→ EXERCISE DESCRIPTION
Lines holding the string "from" are the ones to copy; find them all in the data.

→ PROVIDED DATA
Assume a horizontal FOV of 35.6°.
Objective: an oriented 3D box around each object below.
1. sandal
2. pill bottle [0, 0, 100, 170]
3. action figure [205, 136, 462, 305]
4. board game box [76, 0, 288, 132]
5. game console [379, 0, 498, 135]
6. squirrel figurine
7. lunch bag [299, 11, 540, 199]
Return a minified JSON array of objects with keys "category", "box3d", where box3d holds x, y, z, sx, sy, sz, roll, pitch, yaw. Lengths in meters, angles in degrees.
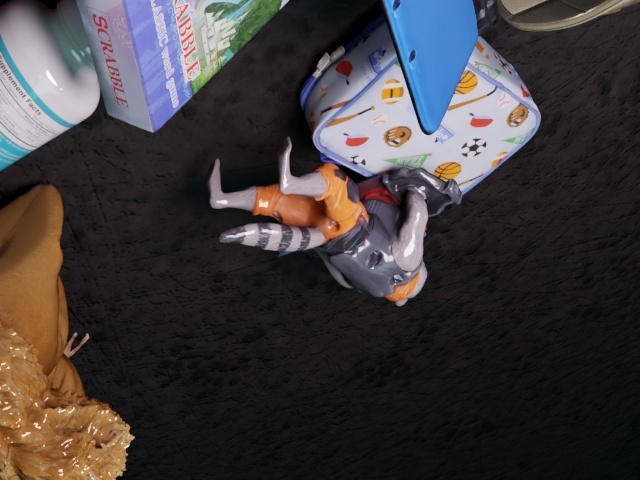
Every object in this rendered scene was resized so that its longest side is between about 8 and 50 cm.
[{"category":"sandal","box3d":[0.366,-0.329,1.252,0.302,0.120,0.086,-21,154,-3]},{"category":"pill bottle","box3d":[-0.343,-0.163,1.076,0.264,0.146,0.146,-30,140,8]},{"category":"action figure","box3d":[0.000,0.000,1.326,0.330,0.179,0.341,28,147,-29]},{"category":"board game box","box3d":[-0.109,-0.318,0.927,0.318,0.065,0.319,-52,154,-32]},{"category":"game console","box3d":[0.068,-0.300,1.005,0.173,0.250,0.293,-37,141,-9]},{"category":"squirrel figurine","box3d":[-0.393,0.188,1.251,0.280,0.397,0.371,-19,132,-11]},{"category":"lunch bag","box3d":[0.125,-0.171,1.313,0.243,0.115,0.303,-39,137,27]}]
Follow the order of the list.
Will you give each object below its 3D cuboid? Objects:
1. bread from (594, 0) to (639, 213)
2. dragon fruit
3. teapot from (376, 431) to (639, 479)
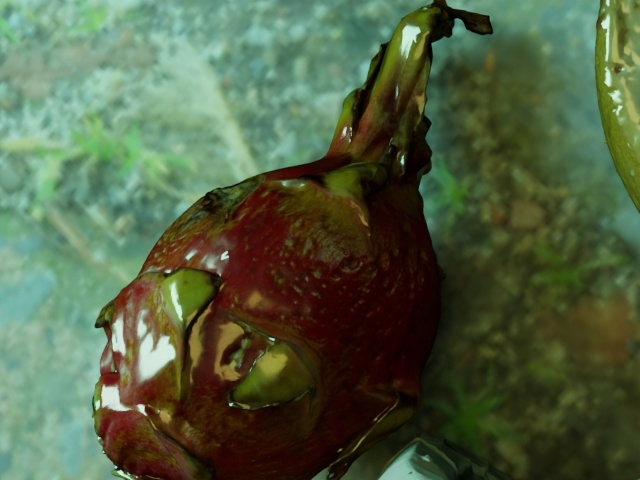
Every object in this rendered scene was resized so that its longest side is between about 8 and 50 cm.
[{"bbox_3d":[0.218,-0.071,0.619,0.236,0.070,0.236,-2,84,16],"label":"bread"},{"bbox_3d":[0.000,0.000,0.660,0.125,0.125,0.246,31,72,-10],"label":"dragon fruit"},{"bbox_3d":[0.121,0.136,0.566,0.163,0.178,0.221,-34,74,10],"label":"teapot"}]
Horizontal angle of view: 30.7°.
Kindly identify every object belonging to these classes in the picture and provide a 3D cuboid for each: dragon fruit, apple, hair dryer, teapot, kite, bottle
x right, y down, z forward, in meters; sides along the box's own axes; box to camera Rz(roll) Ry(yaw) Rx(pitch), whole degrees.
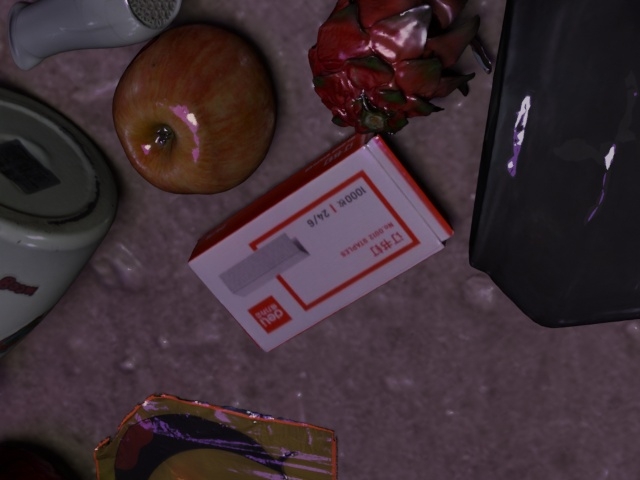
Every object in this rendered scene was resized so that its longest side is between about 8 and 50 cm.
[{"bbox_3d":[0.058,-0.150,0.949,0.142,0.130,0.121,-29,96,-8],"label":"dragon fruit"},{"bbox_3d":[-0.110,-0.109,1.013,0.146,0.131,0.146,9,120,17],"label":"apple"},{"bbox_3d":[-0.219,-0.278,1.015,0.206,0.075,0.237,-2,96,43],"label":"hair dryer"},{"bbox_3d":[0.297,-0.084,0.782,0.362,0.376,0.305,8,74,6],"label":"teapot"},{"bbox_3d":[-0.105,0.311,1.254,0.327,0.013,0.377,47,117,-6],"label":"kite"},{"bbox_3d":[-0.368,0.033,1.120,0.229,0.229,0.351,40,121,-1],"label":"bottle"}]

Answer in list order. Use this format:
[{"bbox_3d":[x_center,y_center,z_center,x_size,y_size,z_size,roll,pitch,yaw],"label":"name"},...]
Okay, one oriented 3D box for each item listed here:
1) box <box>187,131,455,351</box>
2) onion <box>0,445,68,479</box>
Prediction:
[{"bbox_3d":[0.000,0.000,1.061,0.229,0.050,0.123,-32,108,26],"label":"box"},{"bbox_3d":[-0.313,0.357,1.248,0.195,0.272,0.272,13,126,-37],"label":"onion"}]
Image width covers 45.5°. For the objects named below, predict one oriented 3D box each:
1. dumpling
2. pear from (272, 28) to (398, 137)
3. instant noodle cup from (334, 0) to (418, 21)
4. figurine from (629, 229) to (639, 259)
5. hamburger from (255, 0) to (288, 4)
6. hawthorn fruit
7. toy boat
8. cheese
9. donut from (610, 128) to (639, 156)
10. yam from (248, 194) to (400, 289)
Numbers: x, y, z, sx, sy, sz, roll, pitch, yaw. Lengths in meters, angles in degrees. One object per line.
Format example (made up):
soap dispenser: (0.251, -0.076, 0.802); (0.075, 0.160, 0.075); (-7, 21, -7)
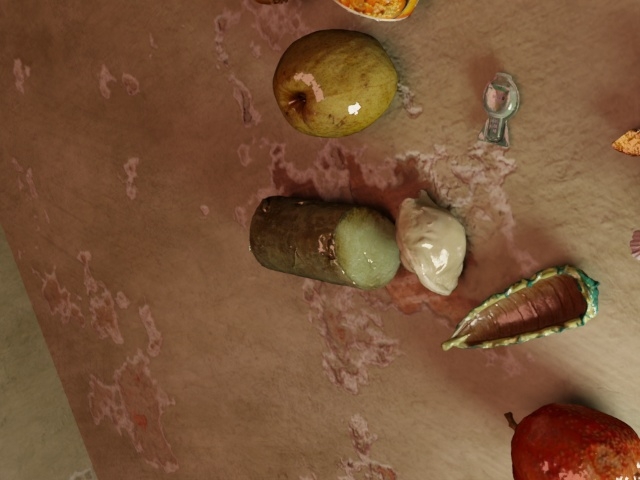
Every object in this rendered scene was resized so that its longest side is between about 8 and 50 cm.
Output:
dumpling: (0.192, 0.006, 1.380); (0.118, 0.136, 0.199); (-27, 77, 51)
pear: (0.015, -0.281, 1.370); (0.228, 0.211, 0.188); (11, 115, 40)
instant noodle cup: (0.103, -0.470, 1.238); (0.213, 0.213, 0.174); (42, 137, 22)
figurine: (0.541, -0.019, 1.069); (0.174, 0.115, 0.240); (17, 122, 39)
hamburger: (-0.076, -0.507, 1.409); (0.162, 0.162, 0.115); (-25, 89, 44)
hawthorn fruit: (0.410, 0.363, 1.280); (0.253, 0.205, 0.205); (21, 119, 43)
toy boat: (0.344, 0.124, 1.314); (0.293, 0.099, 0.109); (-29, 85, 36)
cheese: (0.297, -0.219, 1.270); (0.067, 0.026, 0.121); (22, 120, 35)
donut: (0.478, -0.163, 1.123); (0.067, 0.038, 0.083); (32, 120, 32)
yam: (0.000, 0.000, 1.530); (0.304, 0.168, 0.168); (9, 112, 41)
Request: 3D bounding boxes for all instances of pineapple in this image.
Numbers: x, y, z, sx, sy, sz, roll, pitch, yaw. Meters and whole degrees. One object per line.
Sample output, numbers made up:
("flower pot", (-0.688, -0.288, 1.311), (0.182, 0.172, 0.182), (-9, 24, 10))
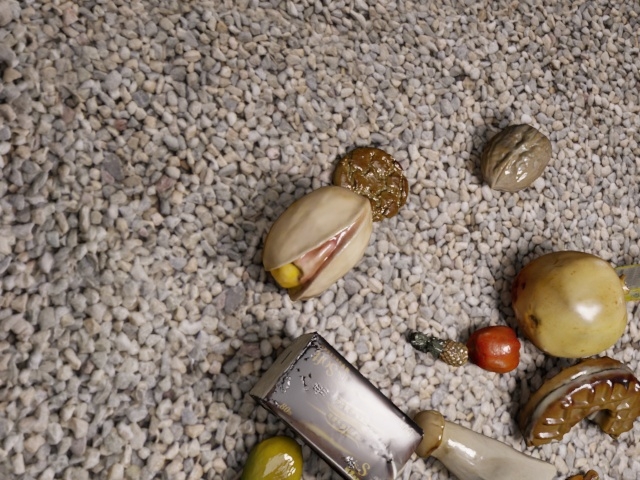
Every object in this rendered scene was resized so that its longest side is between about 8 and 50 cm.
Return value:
("pineapple", (0.314, 0.286, 1.511), (0.159, 0.074, 0.074), (21, 74, -8))

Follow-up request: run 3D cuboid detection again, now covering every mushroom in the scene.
("mushroom", (0.412, 0.576, 1.451), (0.407, 0.137, 0.154), (26, 85, -8))

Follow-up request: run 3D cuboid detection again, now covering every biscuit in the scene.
("biscuit", (0.142, -0.156, 1.553), (0.225, 0.042, 0.226), (3, 79, -18))
("biscuit", (0.724, 0.438, 1.525), (0.366, 0.115, 0.268), (-3, 123, -19))

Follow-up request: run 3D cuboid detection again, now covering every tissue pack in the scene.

→ WORKED SOLUTION
1. bread from (594, 0) to (639, 213)
3. teapot from (376, 431) to (639, 479)
2. pear from (272, 28) to (398, 137)
3. instant noodle cup from (334, 0) to (418, 21)
4. figurine from (629, 229) to (639, 259)
5. hamburger from (255, 0) to (288, 4)
9. donut from (610, 128) to (639, 156)
10. yam from (248, 194) to (400, 289)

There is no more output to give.